Hint: Use the solution of problem P23.

Problem 26

intermediate

Generate the combinations of $k$ distinct objects chosen from the $n$ elements of a list.

In how many ways can a committee of 3 be chosen from a group of 12 people? We all know that there are $C_3^{12}=220$ possibilities ($C_k^n$ denotes the well-known binomial coefficients). For pure mathematicians, this result may be great. But we want to really generate all the possibilities.

Example

combination(3, [a, b, c, d, e, f]) ==
    [
        [a, b, c],
        [a, b, d],
        [a, b, e],
        ...
    ]

Problem 27

intermediate

Group the elements of a set into disjoint subsets.

• In how many ways can a group of 9 people work in 3 disjoint subgroups of 2, 3 and 4 persons? Write a function that generates all the possibilities.

Example

group3([aldo, beat, carla, david, evi, flip, gary, hugo, ida]) == 
    [
        [aldo, beat], 
        [carla, david, evi], 
        [flip, gary, hugo, ida]
    ]

• Generalize the above function in a way that we can specify a list of group sizes and the function will return a list of groups.

Example

group(  [aldo, beat, carla, david, evi, flip, gary, hugo, ida], 
        [2, 2, 5]) ==  
    [
        [aldo, beat], 
        [carla, david], 
        [evi, flip, gary, hugo, ida]
    ]

Note that we do not want permutations of the group members; i.e. [[aldo, beat], ...] is the same solution as [[beat, aldo], . ..].

However, we make a difference between [[aldo, beat], [carla, david], ...] and [[carla, david], [aldo, beat], ...].

You may find more about this combinatorial problem in a good book on discrete mathematics under the term "multinomial coefficients".

Problem 28

intermediate

Sort a list of lists according to length of sublist.

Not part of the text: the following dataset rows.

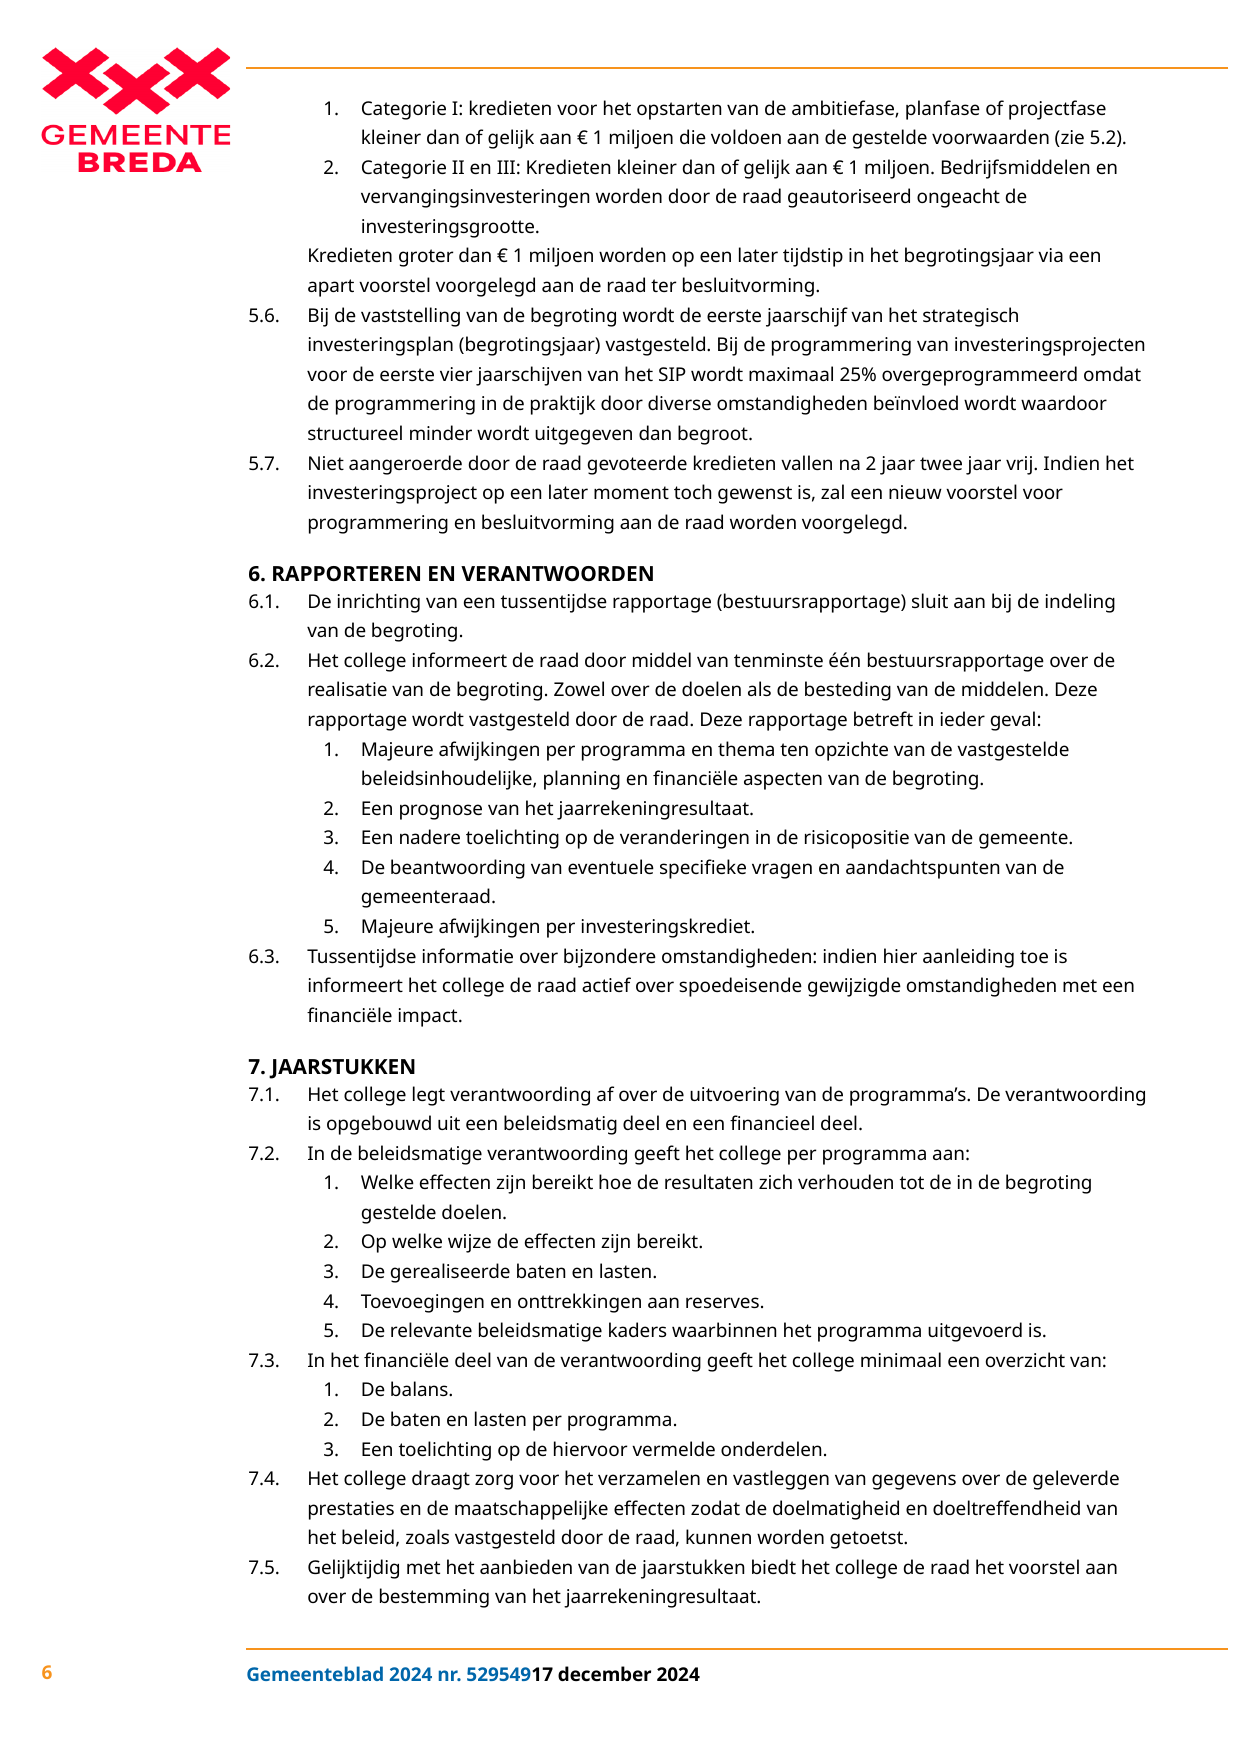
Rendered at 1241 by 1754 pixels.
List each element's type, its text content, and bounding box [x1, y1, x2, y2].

list Tussentijdse informatie over bijzondere omstandigheden: indien hier aanleiding toe is informeert het college de raad actief over spoedeisende gewijzigde omstandigheden met een financiële impact. [248, 943, 1152, 1028]
list Op welke wijze de effecten zijn bereikt. [323, 1229, 1152, 1254]
text 6. RAPPORTEREN EN VERANTWOORDEN [248, 559, 1152, 588]
list Bij de vaststelling van de begroting wordt de eerste jaarschijf van het strategisch investeringsplan (begrotingsjaar) vastgesteld. Bij de programmering van investeringsprojecten voor de eerste vier jaarschijven van het SIP wordt maximaal 25% overgeprogrammeerd omdat de programmering in de praktijk door diverse omstandigheden beïnvloed wordt waardoor structureel minder wordt uitgegeven dan begroot. [248, 302, 1152, 446]
list Welke effecten zijn bereikt hoe de resultaten zich verhouden tot de in de begroting gestelde doelen. [323, 1169, 1152, 1225]
list De gerealiseerde baten en lasten. [323, 1258, 1152, 1284]
list Majeure afwijkingen per investeringskrediet. [323, 913, 1152, 939]
list De baten en lasten per programma. [323, 1406, 1152, 1432]
text 7. JAARSTUKKEN [248, 1052, 1152, 1081]
picture [41, 47, 231, 172]
list In het financiële deel van de verantwoording geeft het college minimaal een overzicht van: [248, 1347, 1152, 1373]
list Majeure afwijkingen per programma en thema ten opzichte van de vastgestelde beleidsinhoudelijke, planning en financiële aspecten van de begroting. [323, 736, 1152, 791]
list Niet aangeroerde door de raad gevoteerde kredieten vallen na 2 jaar twee jaar vrij. Indien het investeringsproject op een later moment toch gewenst is, zal een nieuw voorstel voor programmering en besluitvorming aan de raad worden voorgelegd. [248, 450, 1152, 535]
list De inrichting van een tussentijdse rapportage (bestuursrapportage) sluit aan bij de indeling van de begroting. [248, 588, 1152, 643]
list Het college legt verantwoording af over de uitvoering van de programma’s. De verantwoording is opgebouwd uit een beleidsmatig deel en een financieel deel. [248, 1081, 1152, 1136]
list In de beleidsmatige verantwoording geeft het college per programma aan: [248, 1140, 1152, 1166]
list De beantwoording van eventuele specifieke vragen en aandachtspunten van de gemeenteraad. [323, 854, 1152, 909]
list De balans. [323, 1377, 1152, 1402]
list Een prognose van het jaarrekeningresultaat. [323, 795, 1152, 821]
list Het college informeert de raad door middel van tenminste één bestuursrapportage over de realisatie van de begroting. Zowel over de doelen als de besteding van de middelen. Deze rapportage wordt vastgesteld door de raad. Deze rapportage betreft in ieder geval: [248, 647, 1152, 732]
list Kredieten groter dan € 1 miljoen worden op een later tijdstip in het begrotingsjaar via een apart voorstel voorgelegd aan de raad ter besluitvorming. [248, 243, 1152, 298]
list Gelijktijdig met het aanbieden van de jaarstukken biedt het college de raad het voorstel aan over de bestemming van het jaarrekeningresultaat. [248, 1554, 1152, 1609]
list Een toelichting op de hiervoor vermelde onderdelen. [323, 1436, 1152, 1462]
list Een nadere toelichting op de veranderingen in de risicopositie van de gemeente. [323, 824, 1152, 850]
list Categorie I: kredieten voor het opstarten van de ambitiefase, planfase of projectfase kleiner dan of gelijk aan € 1 miljoen die voldoen aan de gestelde voorwaarden (zie 5.2). [323, 95, 1152, 150]
list Categorie II en III: Kredieten kleiner dan of gelijk aan € 1 miljoen. Bedrijfsmiddelen en vervangingsinvesteringen worden door de raad geautoriseerd ongeacht de investeringsgrootte. [323, 154, 1152, 239]
list Het college draagt zorg voor het verzamelen en vastleggen van gegevens over de geleverde prestaties en de maatschappelijke effecten zodat de doelmatigheid en doeltreffendheid van het beleid, zoals vastgesteld door de raad, kunnen worden getoetst. [248, 1465, 1152, 1550]
list De relevante beleidsmatige kaders waarbinnen het programma uitgevoerd is. [323, 1317, 1152, 1343]
list Toevoegingen en onttrekkingen aan reserves. [323, 1288, 1152, 1314]
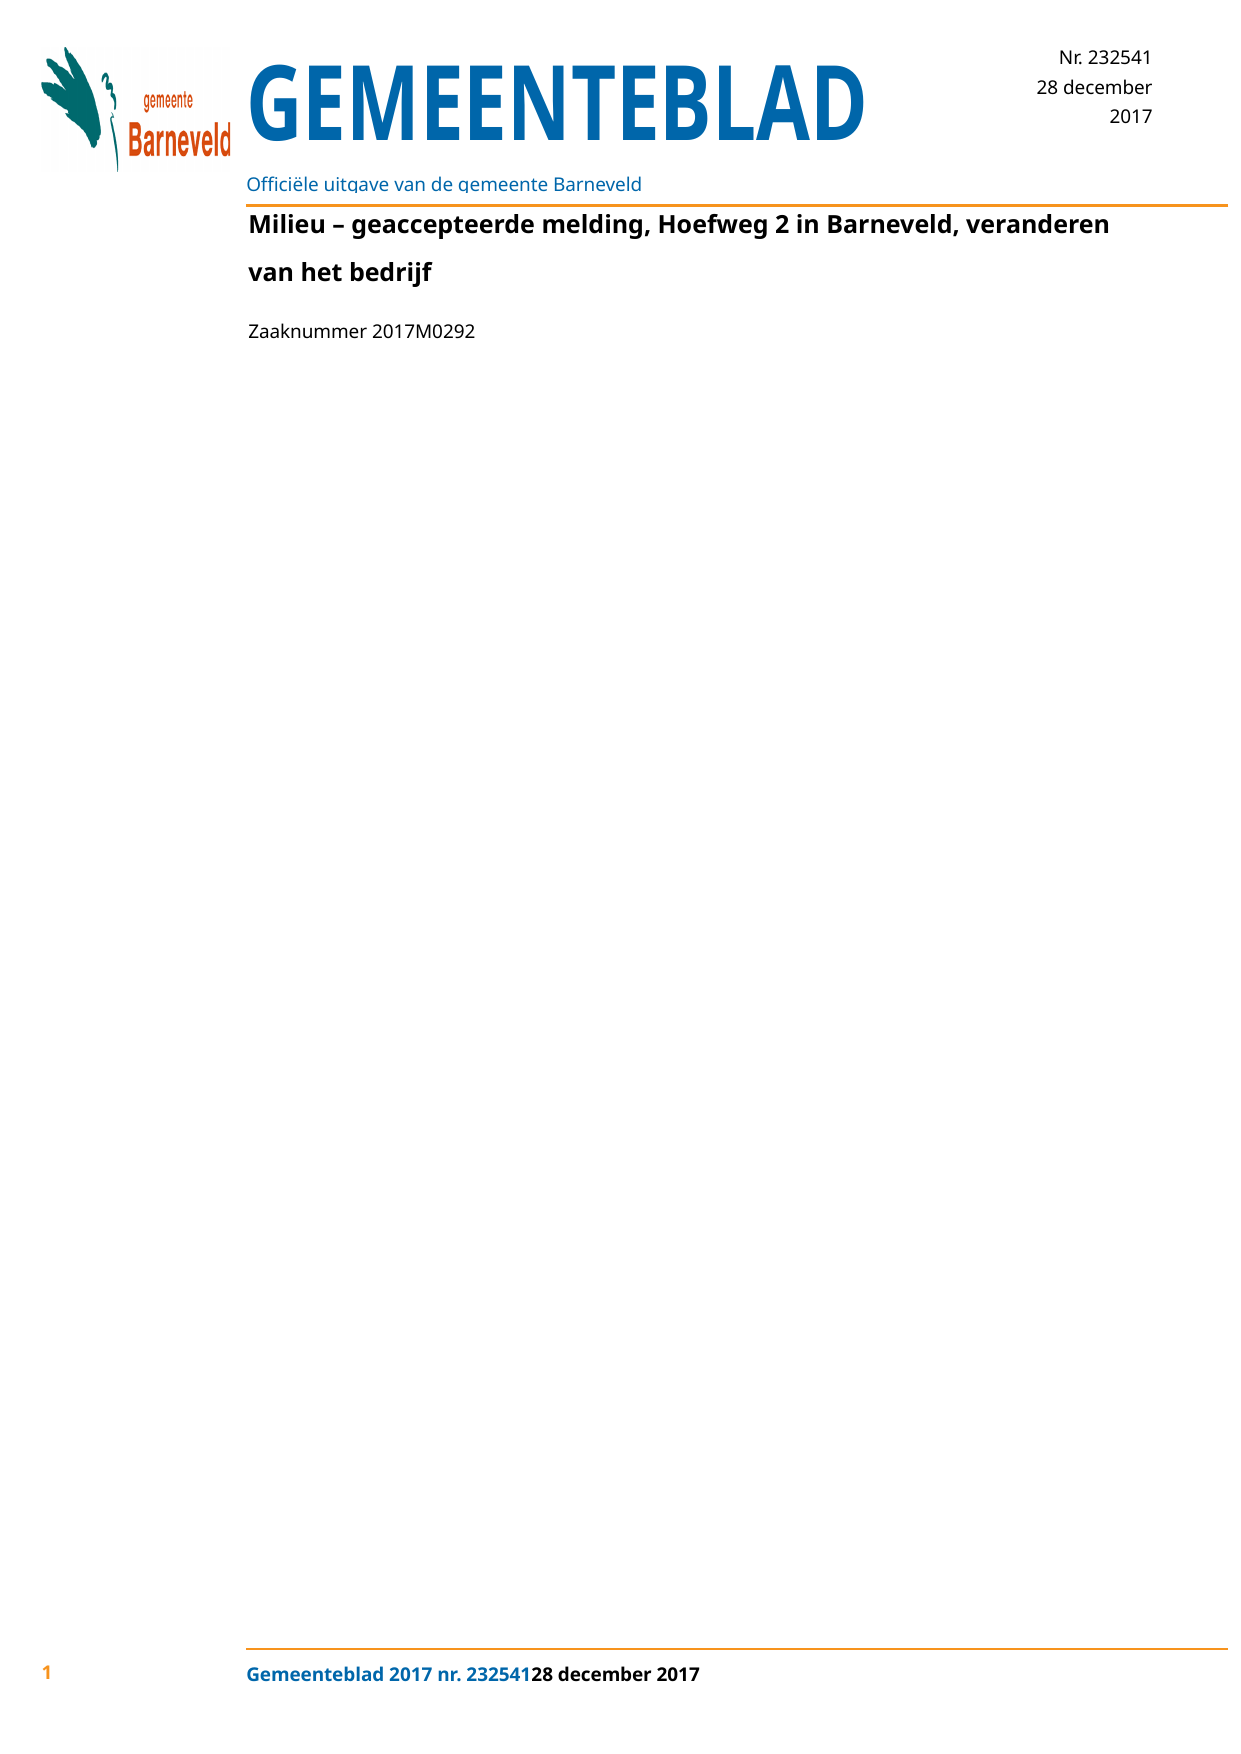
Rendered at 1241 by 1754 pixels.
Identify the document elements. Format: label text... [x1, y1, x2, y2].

text Milieu – geaccepteerde melding, Hoefweg 2 in Barneveld, veranderen van het bedrijf [248, 207, 1152, 288]
text Zaaknummer 2017M0292 [248, 318, 1152, 344]
picture [41, 47, 231, 172]

• We suppose that a list (InList) contains elements that are lists themselves. The objective is to sort the elements of InList according to their length. E.g. short lists first, longer lists later, or vice versa.

Example

lsort( [
        [a, b, c], 
        [d, e], 
        [f, g, h], 
        [d, e], 
        [i, j, k, l], 
        [m, n], 
        [o] ]) == 
    [
        [o], 
        [d, e], 
        [d, e], 
        [m, n], 
        [a, b, c], 
        [f, g, h], 
        [i, j, k, l]    
    ]

• Again, we suppose that a list (InList) contains elements that are lists themselves. But this time the objective is to sort the elements of InList according to their length frequency; i.e. in the default, where sorting is done ascendingly, lists with rare lengths are placed first, others with a more frequent length come later.

Example

lfsort( [   [a, b, c], 
            [d, e], 
            [f, g, h], 
            [d, e], 
            [i, j, k, l], 
            [m, n], 
            [o] ]) == 
    [
        [i, j, k, l], 
        [o], 
        [a, b, c], 
        [f, g, h], 
        [d, e], 
        [d, e], 
        [m, n]
    ]

Note that in the above example, the first two lists in the result have length 4 and 1, both lengths appear just once. The third and forth list have length 3 which appears, there are two list of this length. And finally, the last three lists have length 2. This is the most frequent length.